2. ScanNetV2 validation

Model Voxel Size mAcc (%) mIoU (%) Reference
MinkowskiNet42 2cm - 72.2 Official GitHub
MinkowskiNet42 2cm 81.4 72.1 Checkpoint
FastPointTransformer 2cm 81.2 72.5 Checkpoint
MinkowskiNet42 5cm 76.3 67.0 Checkpoint
FastPointTransformer 5cm 78.9 70.0 Checkpoint
MinkowskiNet42 10cm 70.8 60.7 Checkpoint
FastPointTransformer 10cm 76.1 66.5 Checkpoint

Installation

This repository is developed and tested on

  • Ubuntu 18.04 and 20.04
  • Conda 4.11.0
  • CUDA 11.1
  • Python 3.8.13
  • PyTorch 1.7.1 and 1.10.0
  • MinkowskiEngine 0.5.4

Environment Setup

You can install the environment by using the provided shell script:

~$ git clone --recursive [email protected]:POSTECH-CVLab/FastPointTransformer.git
~$ cd FastPointTransformer
~/FastPointTransformer$ bash setup.sh fpt
~/FastPointTransformer$ conda activate fpt

Training & Evaluation

First of all, you need to download the datasets (ScanNetV2 and S3DIS), and preprocess them as:

(fpt) ~/FastPointTransformer$ python src/data/preprocess_scannet.py # you need to modify the data path
(fpt) ~/FastPointTransformer$ python src/data/preprocess_s3dis.py # you need to modify the data path

And then, locate the provided meta data of each dataset (src/data/meta_data) with the preprocessed dataset following the structure below:

${data_dir}
├── scannetv2
│   ├── meta_data
│   │   ├── scannetv2_train.txt
│   │   ├── scannetv2_val.txt
│   │   └── ...
│   └── scannet_processed
│       ├── train
│       │   ├── scene0000_00.ply
│       │   ├── scene0000_01.ply
│       │   └── ...
│       └── test
└── s3dis
    ├── meta_data
    │   ├── area1.txt
    │   ├── area2.txt
    │   └── ...
    └── s3dis_processed
        ├── Area_1
        │   ├── conferenceRoom_1.ply
        │   ├── conferenceRoom_2.ply
        │   └── ...
        ├── Area_2
        └── ...

After then, you can train and evalaute a model by using the provided python scripts (train.py and eval.py) with configuration files in the config directory. For example, you can train and evaluate Fast Point Transformer with voxel size 4cm on S3DIS dataset via the following commands:

(fpt) ~/FastPointTransformer$ python train.py config/s3dis/train_fpt.gin
(fpt) ~/FastPointTransformer$ python eval.py config/s3dis/eval_fpt.gin {checkpoint_file} # use -r option for rotation averaging.

Consistency Score

You need to generate predictions via the following command:

(fpt) ~/FastPointTransformer$ python -m src.cscore.prepare {checkpoint_file} -m {model_name} -v {voxel_size} # This takes hours.
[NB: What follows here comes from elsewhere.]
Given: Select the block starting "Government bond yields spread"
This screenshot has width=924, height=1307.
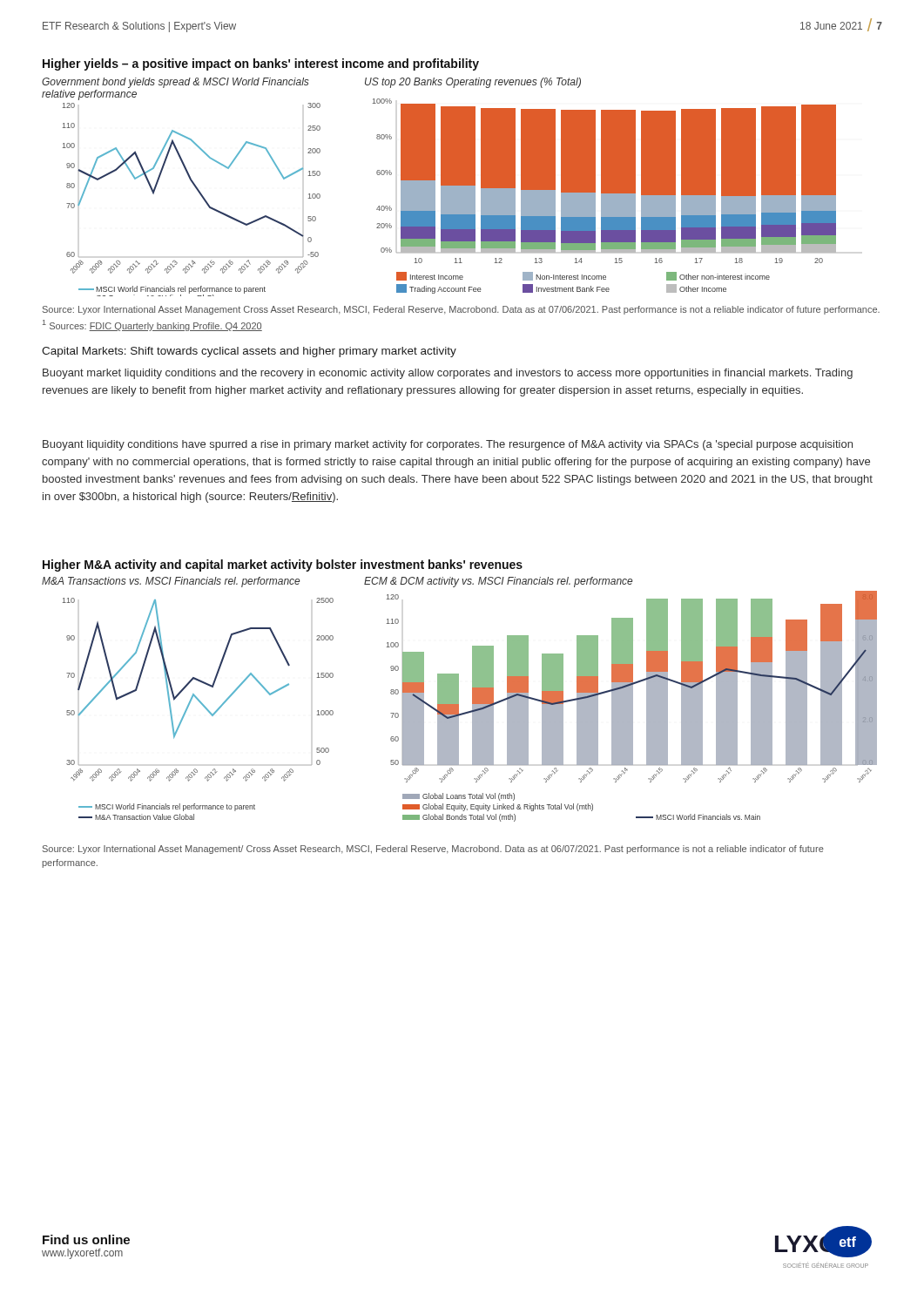Looking at the screenshot, I should coord(312,88).
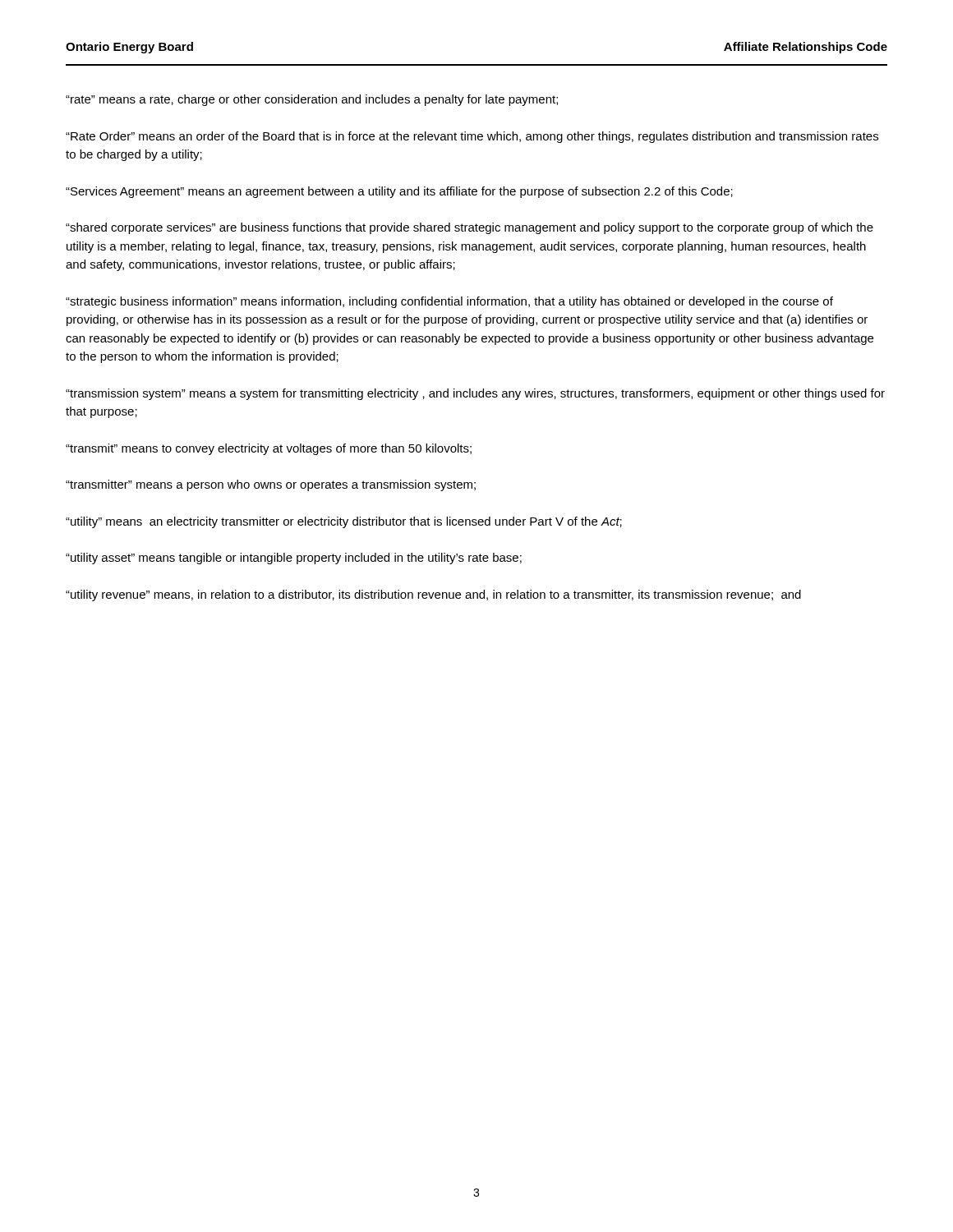Point to the block beginning "“Rate Order” means an order"

[472, 145]

Then, you can calculate the consistency score (CScore) with:

(fpt) ~/FastPointTransformer$ python -m src.cscore.calculate {prediction_dir} # This takes seconds.

3D Object Detection using VoteNet

Please refer this repository.

Acknowledgement

Our code is based on the MinkowskiEngine. We also thank Hengshuang Zhao for providing the code of Point Transformer. If you use our model, please consider citing them as well.

Implementation of Hire-MLP: Vision MLP via Hierarchical Rearrangement and An Image Patch is a Wave: Phase-Aware Vision MLP.

Hire-Wave-MLP.pytorch Implementation of Hire-MLP: Vision MLP via Hierarchical Rearrangement and An Image Patch is a Wave: Phase-Aware Vision MLP Resul

Nevermore 29 Oct 28, 2022
Determined: Deep Learning Training Platform

Determined: Deep Learning Training Platform Determined is an open-source deep learning training platform that makes building models fast and easy. Det

Determined AI 2k Dec 31, 2022
Machine learning framework for both deep learning and traditional algorithms

NeoML is an end-to-end machine learning framework that allows you to build, train, and deploy ML models. This framework is used by ABBYY engineers for

NeoML 704 Dec 27, 2022
Implementation of popular bandit algorithms in batch environments.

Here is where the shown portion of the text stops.